A limitation of our study is that the two classes are not age- or sex-matched. The ages are similar enough that significant influence is unlikely. However, the PNES group has significantly more females than males, whereas the epilepsy group has more males than females. This is due to PNES being more commonly diagnosed in females than males by a factor of 3:1 [
54,
55]. In previous studies [
56,
57,
58], machine learning has been successfully used to separate EEG entropy measures of females and males; therefore, it is possible that the balanced accuracies were inflated by the disparity in sex between the two groups. To ensure that this disparity did not have a significant impact, the model that returned the highest accuracy (Renyi entropy with a kNN classifier, with the delta, theta, alpha, beta, and gamma bands inputted as separate features) was trained and tested again with a subset of subjects that were age- and sex-matched. This matched dataset included 50 subjects with a ratio of 11 females to 14 males in both classes, and the epilepsy group had a mean age of 39.16 ± 11.86 while the PNES group had 38.52 ± 10.96. The accuracy, precision, and recall of the matched dataset were 95.40%, 97.10%, and 93.33%. Therefore, the balanced accuracy and precision increased slightly while the recall decreased slightly.

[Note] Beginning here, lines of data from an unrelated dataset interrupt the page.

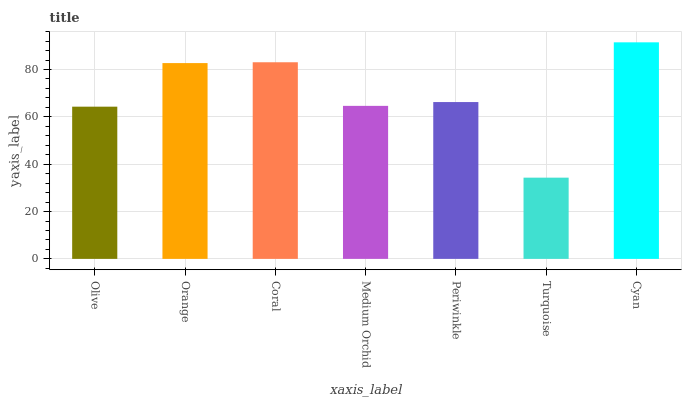Is Turquoise the minimum?
Answer yes or no. Yes. Is Cyan the maximum?
Answer yes or no. Yes. Is Orange the minimum?
Answer yes or no. No. Is Orange the maximum?
Answer yes or no. No. Is Orange greater than Olive?
Answer yes or no. Yes. Is Olive less than Orange?
Answer yes or no. Yes. Is Olive greater than Orange?
Answer yes or no. No. Is Orange less than Olive?
Answer yes or no. No. Is Periwinkle the high median?
Answer yes or no. Yes. Is Periwinkle the low median?
Answer yes or no. Yes. Is Medium Orchid the high median?
Answer yes or no. No. Is Cyan the low median?
Answer yes or no. No. 
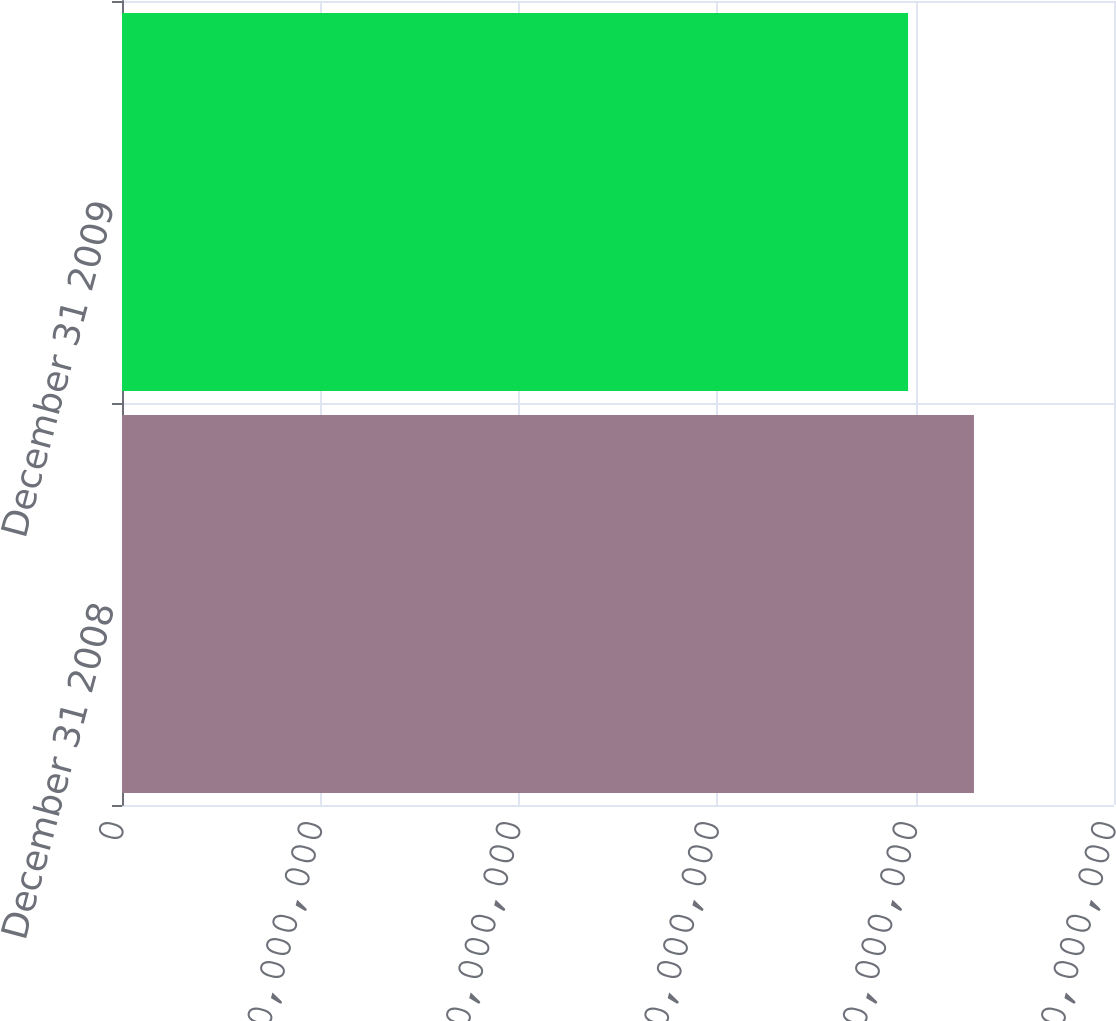Convert chart. <chart><loc_0><loc_0><loc_500><loc_500><bar_chart><fcel>December 31 2008<fcel>December 31 2009<nl><fcel>1.28827e+08<fcel>1.1886e+08<nl></chart>

Considering this outcome and the similarities in the literature, it is still reasonable to conclude that the difference in sexes between the classes had a minor impact and that entropy measures are indeed powerful measures in differentially diagnosing PNES and epilepsy. Another limitation is that the data includes both preictal (before seizure) and interictal (resting) recordings. Therefore, it is not possible to separate the impacts of these different types of data on the results. Finally, due to a small patient cohort, the current study used ten-fold cross-validation to assess the classifiers. Therefore, samples from each subject were present in both the training and testing datasets. While this is a limitation, it demonstrates that this method is viable and, if trained on a larger population, could be beneficial in clinical contexts.